> [Assignment]: Your task is to repeat the entries word for word while leaving out the pictures.

> [Data in this exercise]:
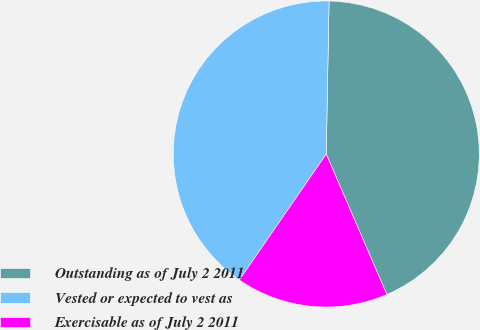Convert chart. <chart><loc_0><loc_0><loc_500><loc_500><pie_chart><fcel>Outstanding as of July 2 2011<fcel>Vested or expected to vest as<fcel>Exercisable as of July 2 2011<nl><fcel>43.22%<fcel>40.68%<fcel>16.09%<nl></chart> 
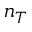<formula> <loc_0><loc_0><loc_500><loc_500>n _ { T }</formula> 
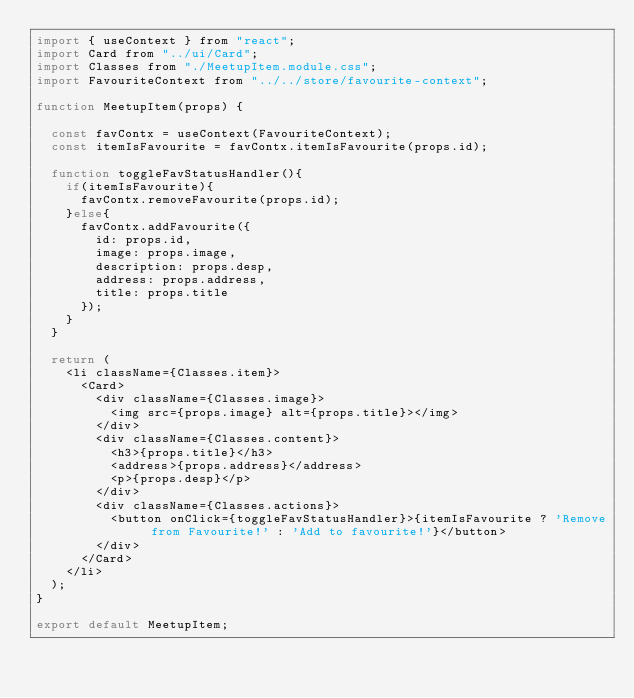Convert code to text. <code><loc_0><loc_0><loc_500><loc_500><_JavaScript_>import { useContext } from "react";
import Card from "../ui/Card";
import Classes from "./MeetupItem.module.css";
import FavouriteContext from "../../store/favourite-context";

function MeetupItem(props) {

  const favContx = useContext(FavouriteContext);
  const itemIsFavourite = favContx.itemIsFavourite(props.id);

  function toggleFavStatusHandler(){
    if(itemIsFavourite){
      favContx.removeFavourite(props.id);
    }else{
      favContx.addFavourite({
        id: props.id,
        image: props.image,
        description: props.desp,
        address: props.address,
        title: props.title
      });
    }
  }

  return (
    <li className={Classes.item}>
      <Card>
        <div className={Classes.image}>
          <img src={props.image} alt={props.title}></img>
        </div>
        <div className={Classes.content}>
          <h3>{props.title}</h3>
          <address>{props.address}</address>
          <p>{props.desp}</p>
        </div>
        <div className={Classes.actions}>
          <button onClick={toggleFavStatusHandler}>{itemIsFavourite ? 'Remove from Favourite!' : 'Add to favourite!'}</button>
        </div>
      </Card>
    </li>
  );
}

export default MeetupItem;
</code> 
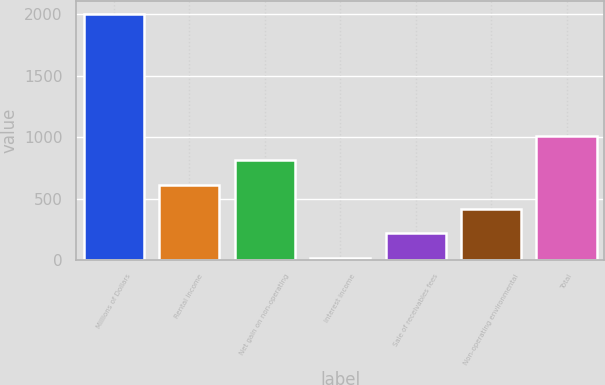Convert chart. <chart><loc_0><loc_0><loc_500><loc_500><bar_chart><fcel>Millions of Dollars<fcel>Rental income<fcel>Net gain on non-operating<fcel>Interest income<fcel>Sale of receivables fees<fcel>Non-operating environmental<fcel>Total<nl><fcel>2005<fcel>613.4<fcel>812.2<fcel>17<fcel>215.8<fcel>414.6<fcel>1011<nl></chart> 
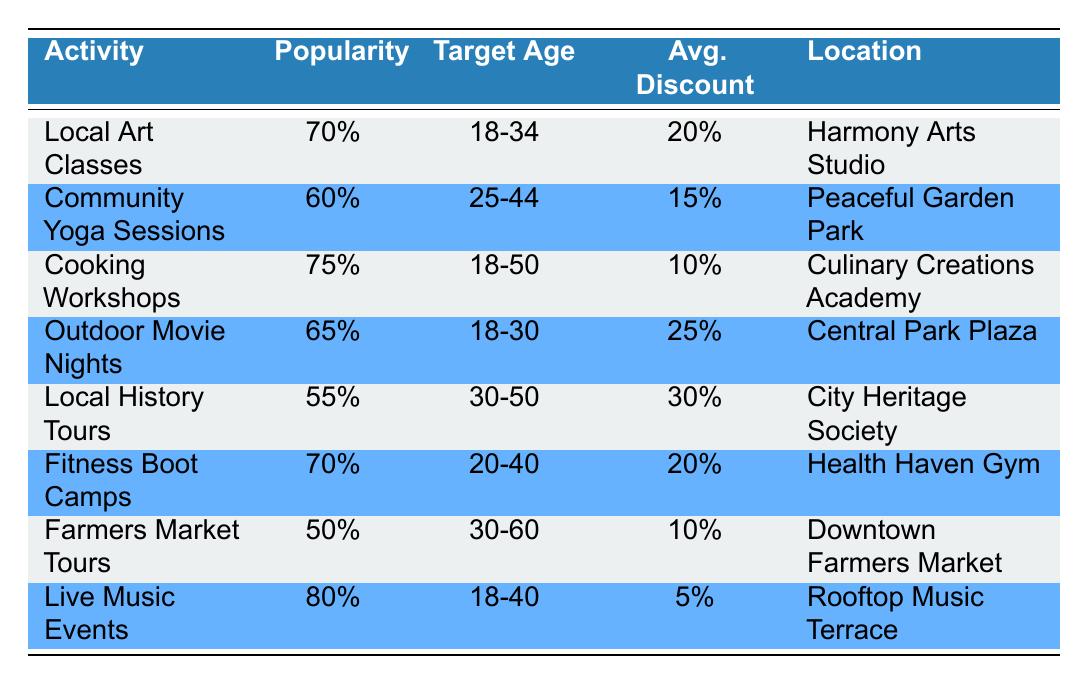What is the most popular activity among the target audience? Looking at the popularity column, we see that Live Music Events has the highest popularity at 80%.
Answer: Live Music Events Which activity offers the highest average discount? By reviewing the average discount column, Local History Tours offers the highest discount at 30%.
Answer: Local History Tours How many activities are targeted at the age group 30-50? The age groups for each activity are checked, and we find that Local History Tours and Farmers Market Tours both target the 30-50 age group, totaling 2.
Answer: 2 What is the average popularity of activities targeted at the age group 18-34? The activities targeted at the 18-34 age group are Local Art Classes, Outdoor Movie Nights, and Live Music Events, with popularity scores of 70, 65, and 80 respectively. The average is (70 + 65 + 80) / 3 = 215 / 3 = 71.67.
Answer: 71.67 Are Cooking Workshops targeted at a specific age group? Yes, Cooking Workshops are aimed at the age group 18-50, as indicated in the target age column.
Answer: Yes What is the difference in popularity between Community Yoga Sessions and Fitness Boot Camps? Community Yoga Sessions has a popularity of 60, while Fitness Boot Camps has a popularity of 70. The difference is 70 - 60 = 10.
Answer: 10 Which activity has the lowest popularity and what is it? By examining the popularity column, Farmers Market Tours has the lowest popularity rating at 50.
Answer: Farmers Market Tours What is the total number of activities that offer a discount greater than 20%? The activities with discounts greater than 20% are Local Art Classes (20%), Fitness Boot Camps (20%), Outdoor Movie Nights (25%), and Local History Tours (30%). Therefore, there are 4 activities in total.
Answer: 4 Which activity with an average discount of 10% targets the age group 30-60? Farmers Market Tours is the only activity that targets the 30-60 age group and has an average discount of 10%.
Answer: Farmers Market Tours 
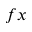<formula> <loc_0><loc_0><loc_500><loc_500>f x</formula> 
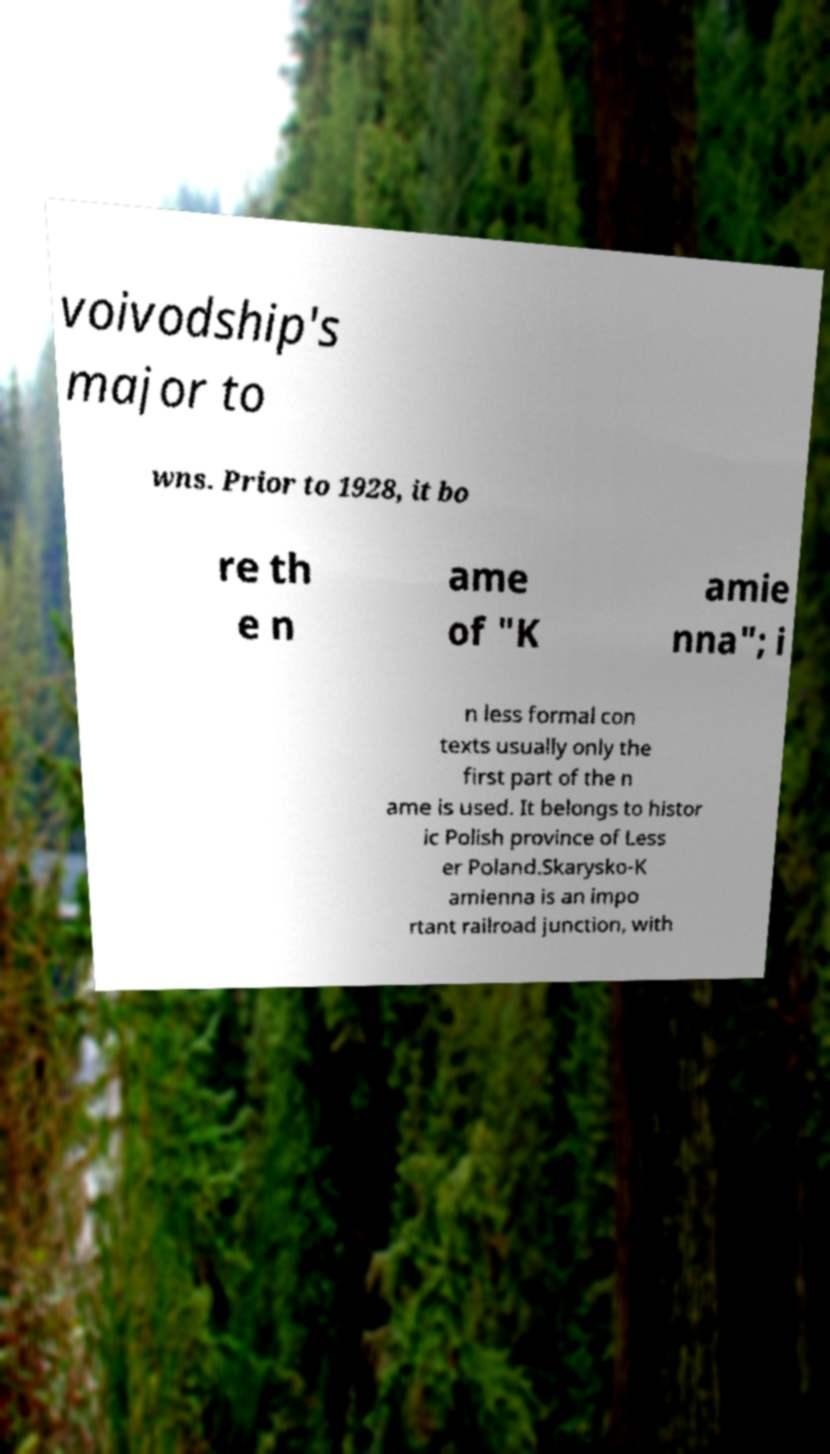What messages or text are displayed in this image? I need them in a readable, typed format. voivodship's major to wns. Prior to 1928, it bo re th e n ame of "K amie nna"; i n less formal con texts usually only the first part of the n ame is used. It belongs to histor ic Polish province of Less er Poland.Skarysko-K amienna is an impo rtant railroad junction, with 
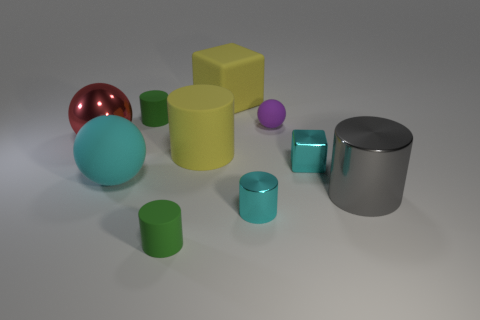The rubber cube has what size?
Offer a terse response. Large. Is there anything else that is the same material as the red ball?
Offer a very short reply. Yes. There is a small green rubber cylinder behind the small cyan object that is behind the gray metal cylinder; is there a yellow cube on the left side of it?
Your answer should be compact. No. How many small things are either metal balls or brown objects?
Your response must be concise. 0. Is there anything else that is the same color as the big metal cylinder?
Provide a succinct answer. No. There is a purple matte sphere behind the gray metallic thing; is it the same size as the small cyan cylinder?
Your response must be concise. Yes. There is a large block that is behind the block that is in front of the green object behind the tiny cyan block; what color is it?
Your answer should be very brief. Yellow. The metallic sphere is what color?
Offer a terse response. Red. Do the large cube and the large rubber cylinder have the same color?
Your response must be concise. Yes. Do the sphere in front of the big yellow rubber cylinder and the cylinder to the right of the tiny matte sphere have the same material?
Offer a terse response. No. 
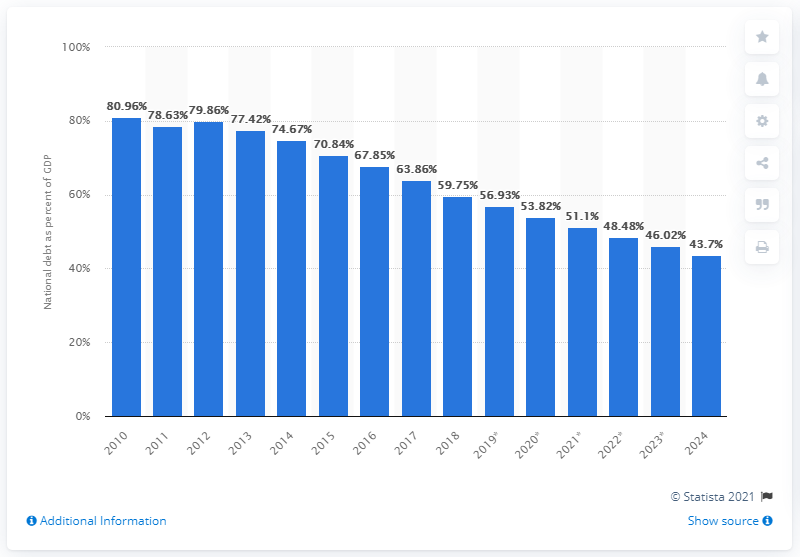Point out several critical features in this image. The national debt of Germany is projected to reach a projection for the year 2024. 
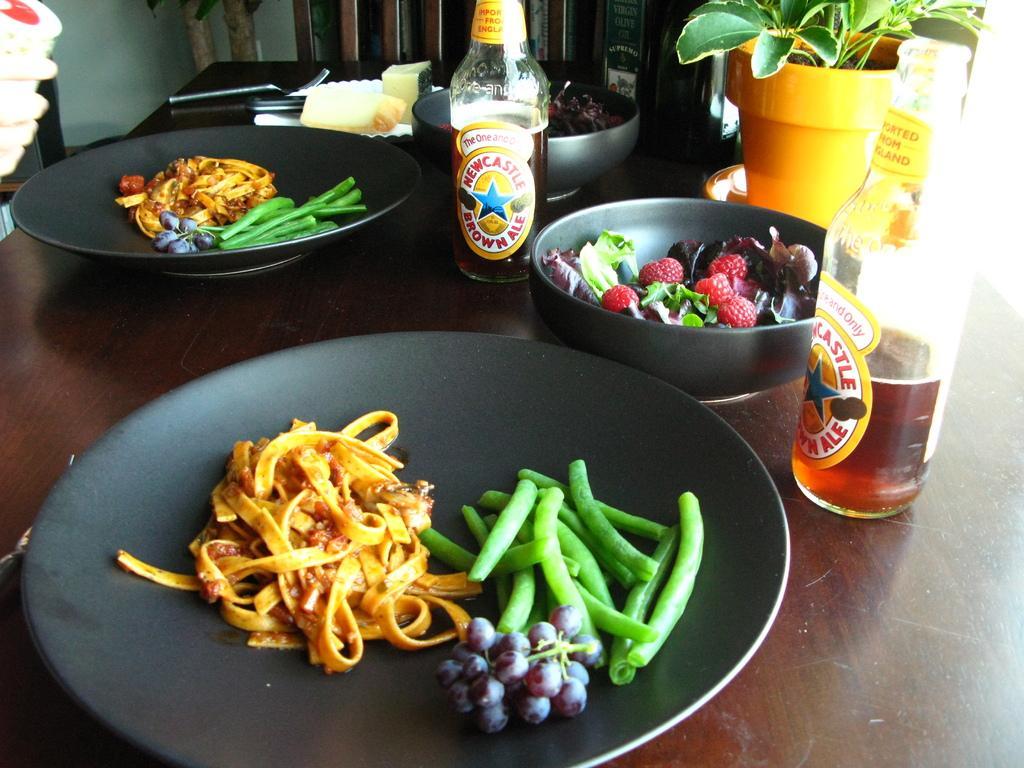Can you describe this image briefly? In this picture, we see two plates containing food item, beans and grapes, glass bottles, bowls containing fruits, flower pot and a spoon are placed on the brown table. In the background, we see a white wall. 
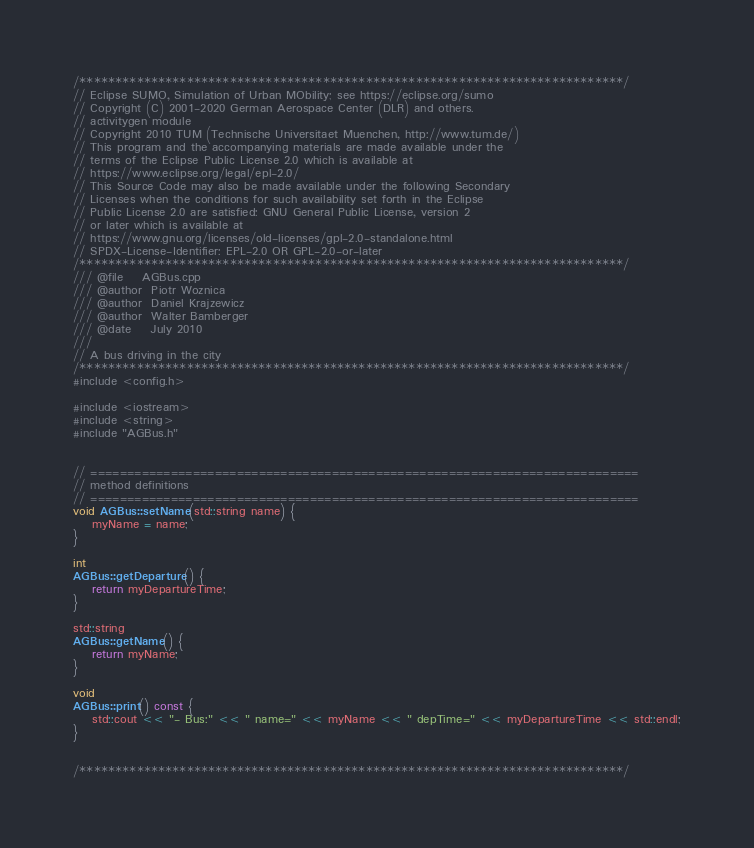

> [Written response]:
Convert chart. <chart><loc_0><loc_0><loc_500><loc_500><pie_chart><fcel>Outstanding as of July 2 2011<fcel>Vested or expected to vest as<fcel>Exercisable as of July 2 2011<nl><fcel>43.22%<fcel>40.68%<fcel>16.09%<nl></chart> 
<formula> <loc_0><loc_0><loc_500><loc_500>n _ { T }</formula> 
Convert code to text. <code><loc_0><loc_0><loc_500><loc_500><_JavaScript_>import { useContext } from "react";
import Card from "../ui/Card";
import Classes from "./MeetupItem.module.css";
import FavouriteContext from "../../store/favourite-context";

function MeetupItem(props) {

  const favContx = useContext(FavouriteContext);
  const itemIsFavourite = favContx.itemIsFavourite(props.id);

  function toggleFavStatusHandler(){
    if(itemIsFavourite){
      favContx.removeFavourite(props.id);
    }else{
      favContx.addFavourite({
        id: props.id,
        image: props.image,
        description: props.desp,
        address: props.address,
        title: props.title
      });
    }
  }

  return (
    <li className={Classes.item}>
      <Card>
        <div className={Classes.image}>
          <img src={props.image} alt={props.title}></img>
        </div>
        <div className={Classes.content}>
          <h3>{props.title}</h3>
          <address>{props.address}</address>
          <p>{props.desp}</p>
        </div>
        <div className={Classes.actions}>
          <button onClick={toggleFavStatusHandler}>{itemIsFavourite ? 'Remove from Favourite!' : 'Add to favourite!'}</button>
        </div>
      </Card>
    </li>
  );
}

export default MeetupItem;
</code> 
Convert chart. <chart><loc_0><loc_0><loc_500><loc_500><bar_chart><fcel>Millions of Dollars<fcel>Rental income<fcel>Net gain on non-operating<fcel>Interest income<fcel>Sale of receivables fees<fcel>Non-operating environmental<fcel>Total<nl><fcel>2005<fcel>613.4<fcel>812.2<fcel>17<fcel>215.8<fcel>414.6<fcel>1011<nl></chart> 
What is the most popular activity among the target audience? Looking at the popularity column, we see that Live Music Events has the highest popularity at 80%.
Answer: Live Music Events Which activity offers the highest average discount? By reviewing the average discount column, Local History Tours offers the highest discount at 30%.
Answer: Local History Tours How many activities are targeted at the age group 30-50? The age groups for each activity are checked, and we find that Local History Tours and Farmers Market Tours both target the 30-50 age group, totaling 2.
Answer: 2 What is the average popularity of activities targeted at the age group 18-34? The activities targeted at the 18-34 age group are Local Art Classes, Outdoor Movie Nights, and Live Music Events, with popularity scores of 70, 65, and 80 respectively. The average is (70 + 65 + 80) / 3 = 215 / 3 = 71.67.
Answer: 71.67 Are Cooking Workshops targeted at a specific age group? Yes, Cooking Workshops are aimed at the age group 18-50, as indicated in the target age column.
Answer: Yes What is the difference in popularity between Community Yoga Sessions and Fitness Boot Camps? Community Yoga Sessions has a popularity of 60, while Fitness Boot Camps has a popularity of 70. The difference is 70 - 60 = 10.
Answer: 10 Which activity has the lowest popularity and what is it? By examining the popularity column, Farmers Market Tours has the lowest popularity rating at 50.
Answer: Farmers Market Tours What is the total number of activities that offer a discount greater than 20%? The activities with discounts greater than 20% are Local Art Classes (20%), Fitness Boot Camps (20%), Outdoor Movie Nights (25%), and Local History Tours (30%). Therefore, there are 4 activities in total.
Answer: 4 Which activity with an average discount of 10% targets the age group 30-60? Farmers Market Tours is the only activity that targets the 30-60 age group and has an average discount of 10%.
Answer: Farmers Market Tours 
<formula> <loc_0><loc_0><loc_500><loc_500>f x</formula> 
What messages or text are displayed in this image? I need them in a readable, typed format. voivodship's major to wns. Prior to 1928, it bo re th e n ame of "K amie nna"; i n less formal con texts usually only the first part of the n ame is used. It belongs to histor ic Polish province of Less er Poland.Skarysko-K amienna is an impo rtant railroad junction, with 
The rubber cube has what size?
Offer a terse response. Large. Is there anything else that is the same material as the red ball?
Offer a very short reply. Yes. There is a small green rubber cylinder behind the small cyan object that is behind the gray metal cylinder; is there a yellow cube on the left side of it?
Your answer should be compact. No. How many small things are either metal balls or brown objects?
Your response must be concise. 0. Is there anything else that is the same color as the big metal cylinder?
Provide a succinct answer. No. There is a purple matte sphere behind the gray metallic thing; is it the same size as the small cyan cylinder?
Your response must be concise. Yes. There is a large block that is behind the block that is in front of the green object behind the tiny cyan block; what color is it?
Your answer should be very brief. Yellow. The metallic sphere is what color?
Offer a terse response. Red. Do the large cube and the large rubber cylinder have the same color?
Your response must be concise. Yes. Do the sphere in front of the big yellow rubber cylinder and the cylinder to the right of the tiny matte sphere have the same material?
Offer a terse response. No. 
Point out several critical features in this image. The national debt of Germany is projected to reach a projection for the year 2024. 
Can you describe this image briefly? In this picture, we see two plates containing food item, beans and grapes, glass bottles, bowls containing fruits, flower pot and a spoon are placed on the brown table. In the background, we see a white wall. 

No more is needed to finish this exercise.